Весь иностранный политический словарь на самом деле скрывает заурядные человеческие качества - жадность, тщеславие, обидчивость. А у нас почему-то на порядок повышает температуру кипения мозгов, заставляя людей думать, что они спорят о чем-то высоком.
Так и с коррупцией. По умолчанию считается, что термин взят из римского "Кодекса ХІІ таблиц" IV века до н.э. Упоминание о том, что такое постановление существовало, есть в воспоминаниях Цицерона и Авла Геллия. Что, дескать, нельзя отступать от закона в пользу отдельных лиц, и за это судью следует убить. (Не спешите аплодировать, там и за "злые песни" - клевету и наветы - тоже жизни лишали).
Но в предыдущем, восьмом, разделе последний пункт гласит, что судьи вправе договариваться между собой, как угодно и о чем угодно в пользу кого угодно, принимать любые решения, договориться между собой о любом вердикте, лишь бы это не вредило общественному порядку.
И в любом кодексе с тех пор вы найдете как витийствующие призывы о торжестве морали и справедливости, так и эффективный способ весь этот пафос при необходимости обойти.
Вот есть старинное слово "хабар". Одни говорят, что в прямом переводе с арабского это "новость", поэтому называть журналистов "хабарниками", наверное, исторически правильнее. Другие - что это "сокол", так иногда в дословном переводе арабы в VI–VII вв., то есть в то время, когда Киев еще входил в Хазарский каганат, называли славян.

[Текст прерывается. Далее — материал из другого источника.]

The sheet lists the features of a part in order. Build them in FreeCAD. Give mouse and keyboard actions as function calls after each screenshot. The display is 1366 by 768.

Если учесть, с каким поведением это связано, тогда неудивительно, что все мы отродясь - "хабарники", стремительные гонцы за прибылью. В "Руськой Правде" "заносы" только приветствовались.
Есть еще "мздоимство" и "лихоимство". Чиновник, выполнявший свои служебные обязанности и выдававший просителю копию подлинного решения суда только после получения взятки, - мздоимец. Чиновник же, выдававший копию решения, в которой существо дела было искажено в интересах взяткодателя, - лихоимец. Подмазывание системы, чтобы ее колеса ловчее крутились, - сие действо было понятно даже владельцу телеги. Оно столетиями легитимизировалось в сознании людей, поскольку они на месте чиновника вели бы себя точно так же, ничего предосудительного в этом не видя. Дары уважения - это древняя составляющая легитимации любой должности. Общей системы отношений это не нарушает, а только "смазывает".

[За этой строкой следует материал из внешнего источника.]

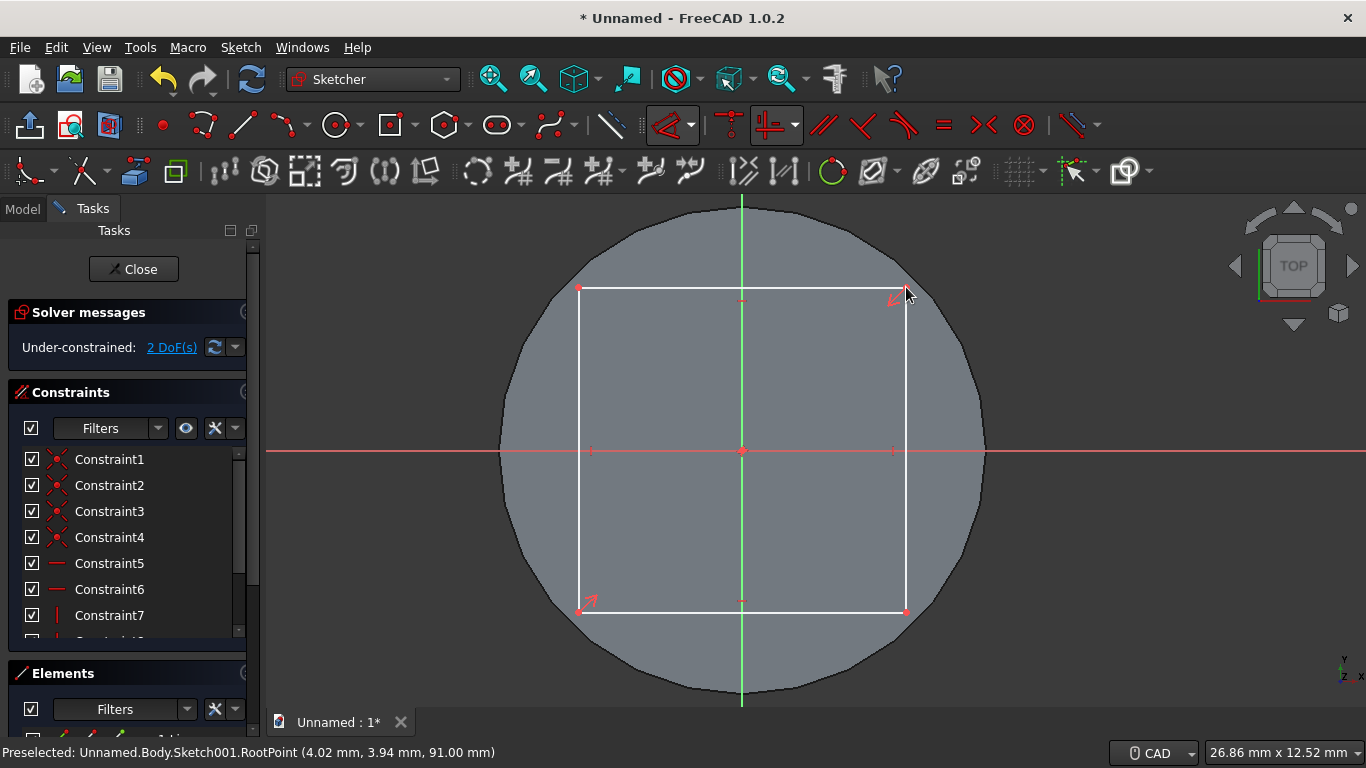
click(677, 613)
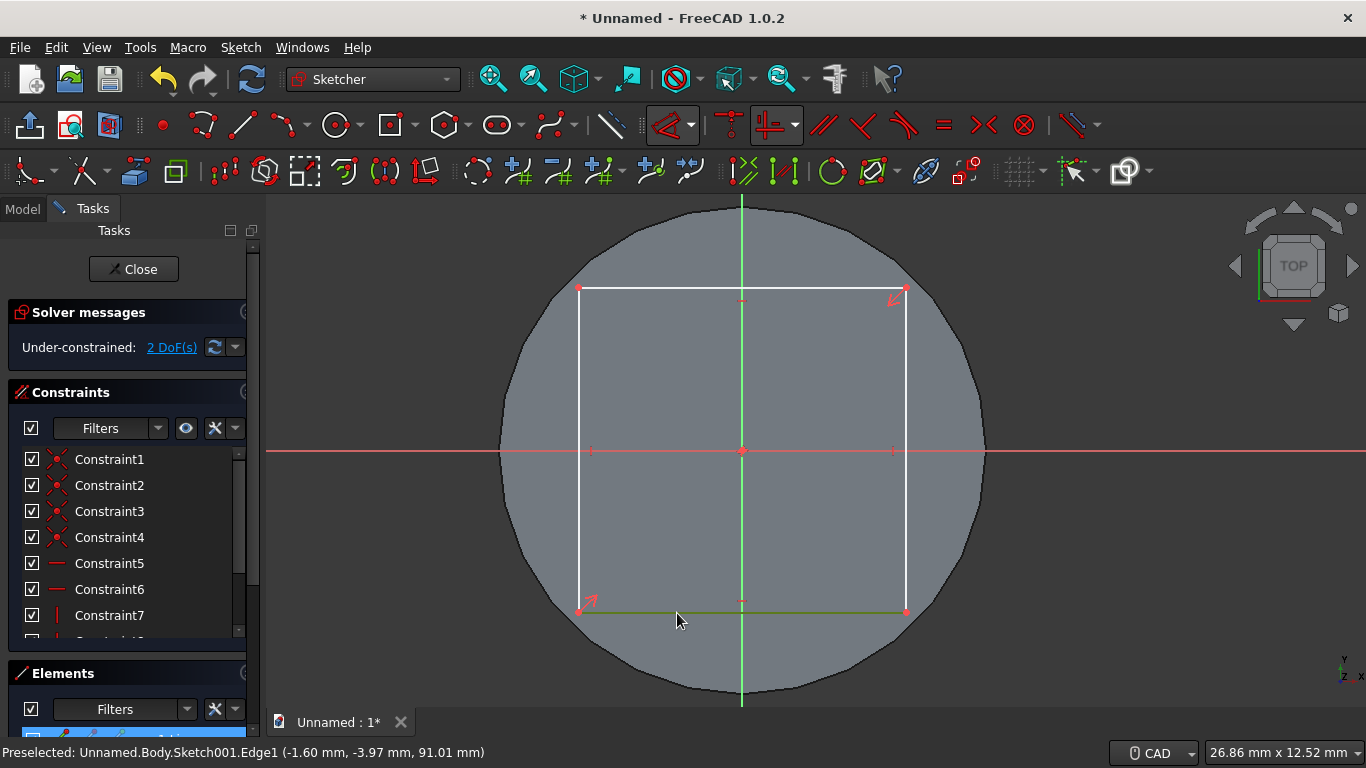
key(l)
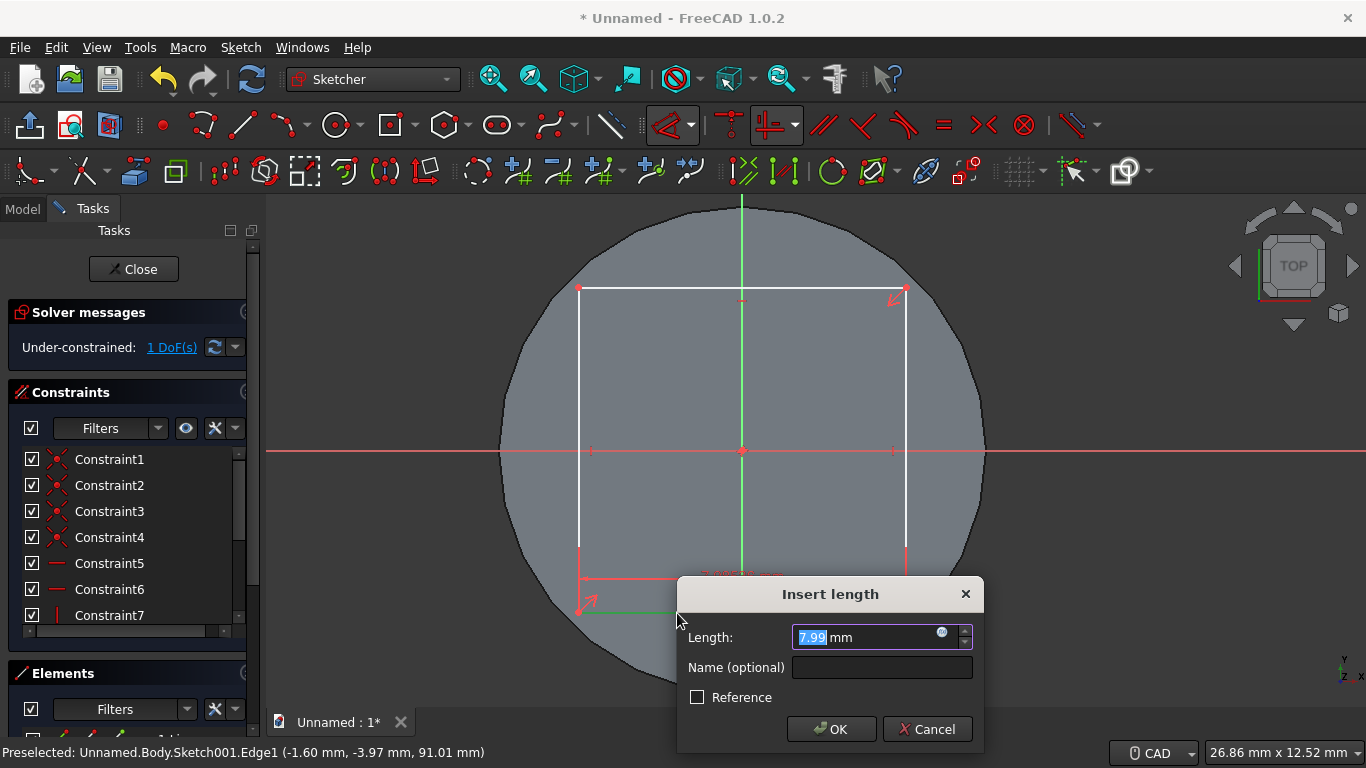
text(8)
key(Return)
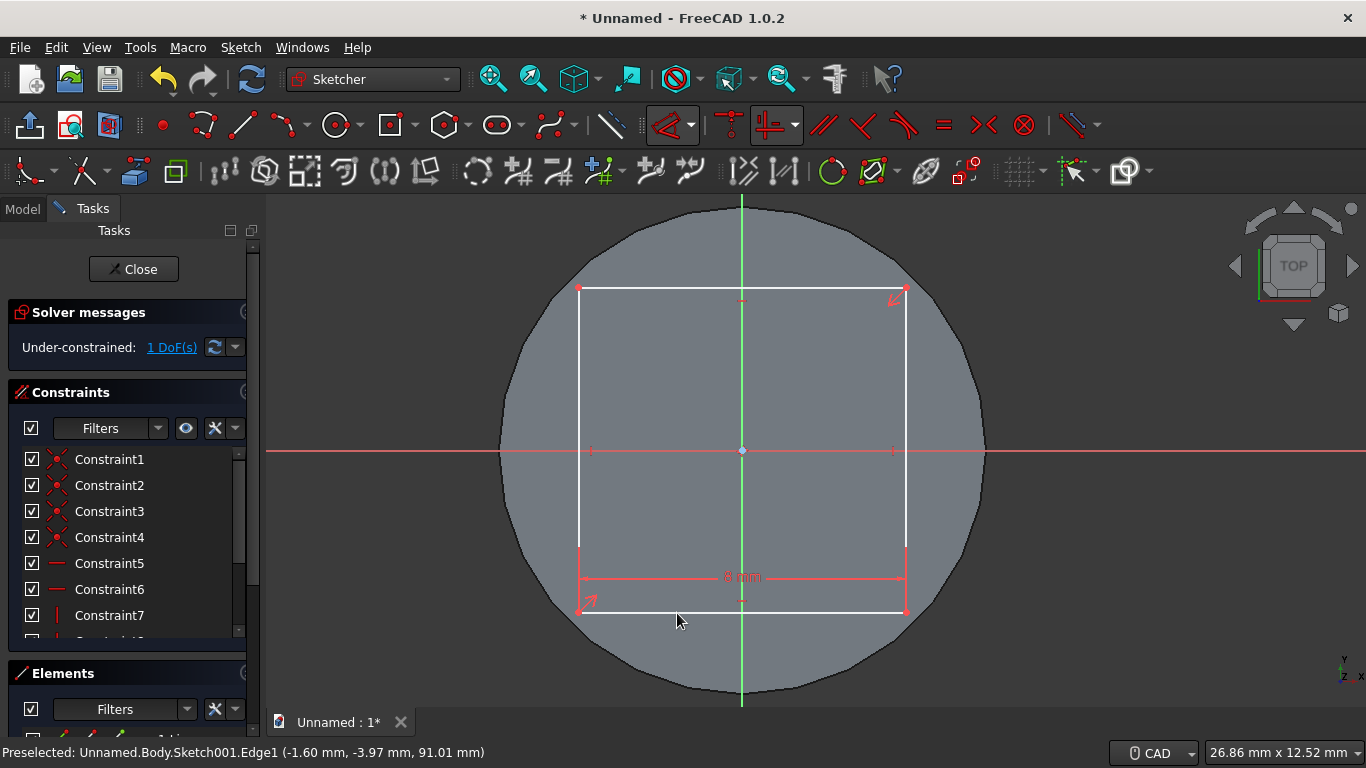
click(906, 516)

А вот лихоимство - это уже диссидентство, должностное преступление, втягивающее заурядного хабарника в микрозаговор против системы. Здесь и ставки должны быть повыше, и кураж. Европейский.
Никто же не станет отрицать, что ЕС предлагает нам изменить в стране то да се, а за это обещает снова одолжить денег? И вряд ли кто-то будет думать, что мотивом для них является какая-то мифическая мораль, "гражданское общество" и прочая лабуда, а не создание устойчивого рынка сбыта при масштабном падении собственного потребительского спроса, который уже не лечится даже сверхкомфортными для еврообывателя кредитами? Просто взятка в масштабах стран и континентов у них называется "мировой политикой", а не лихоимством.

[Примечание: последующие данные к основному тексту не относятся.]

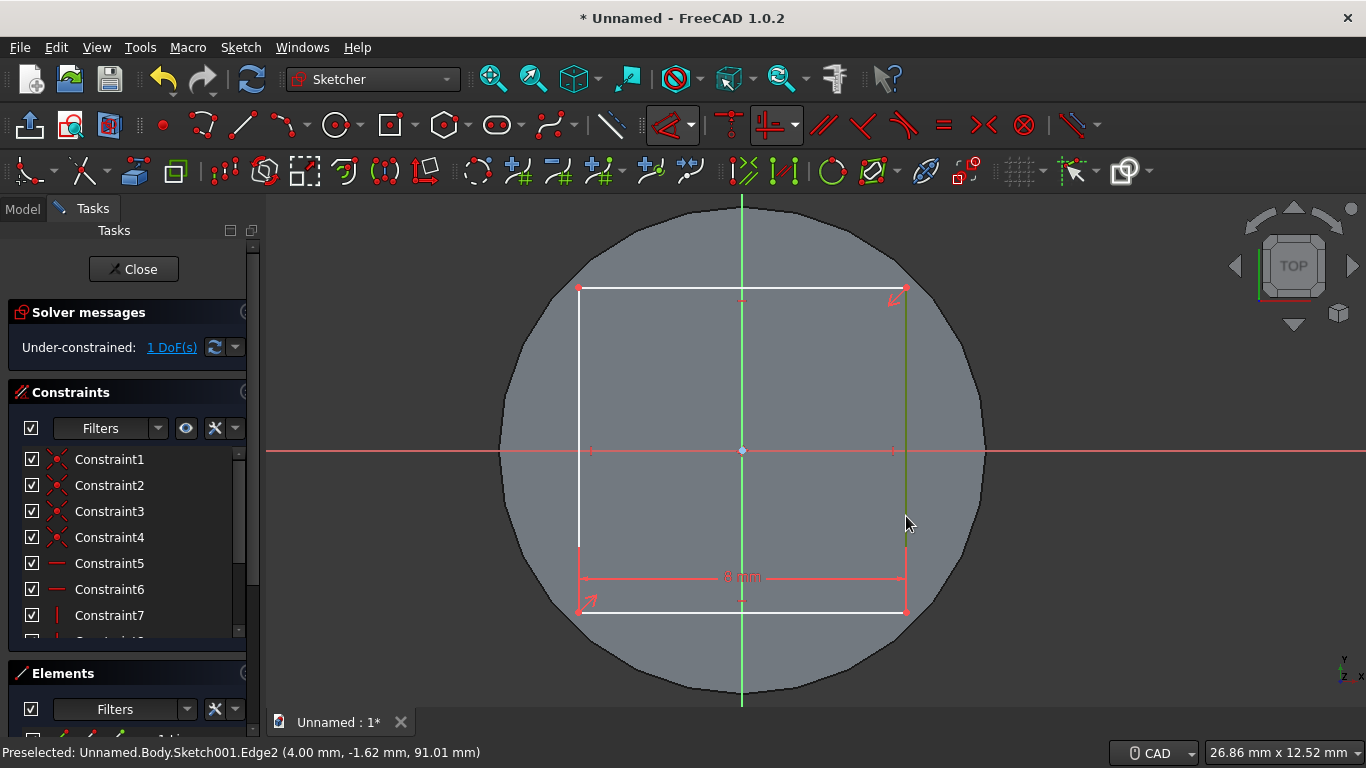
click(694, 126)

Европейская же борьба с украинской коррупцией напоминает известный анекдот про детей, подглядывающих за родителями в спальне: и эти люди запрещают нам ковыряться в носу? О влиянии одного лишь пресловутого "Газпрома" на европейских политиков, у которых дома из-за этого страдает карьера (как, например, у Карла Бильда), и которые потом учат нас порядочности, не писал только ленивый.
Это часть нашего быта, способ выживания. Больше половины считают такие отношения нормой, спросите хоть КМИС, хоть соседей. Это интегральная часть социального государства, дерущего с тебя за взятку не три шкуры, а одну. Нормально, нарастет.
Хотя намедни король Нидерландов Виллем-Александр честно заявил своим подданным, что этот тип государства уже умер и воскрешению не подлежит. Сказки о социальности закончились, рассчитывать в XXI веке нужно будет только на самих себя.
Так, может, нам действительно лихоимцев просто казнить? Без китайских церемоний. У нас же, вроде, римское право. Вернемся к истокам "XII таблиц". А от постоянного распевания "злых песен" уж как-нибудь откажемся, потерпим. Если это - цена вопроса.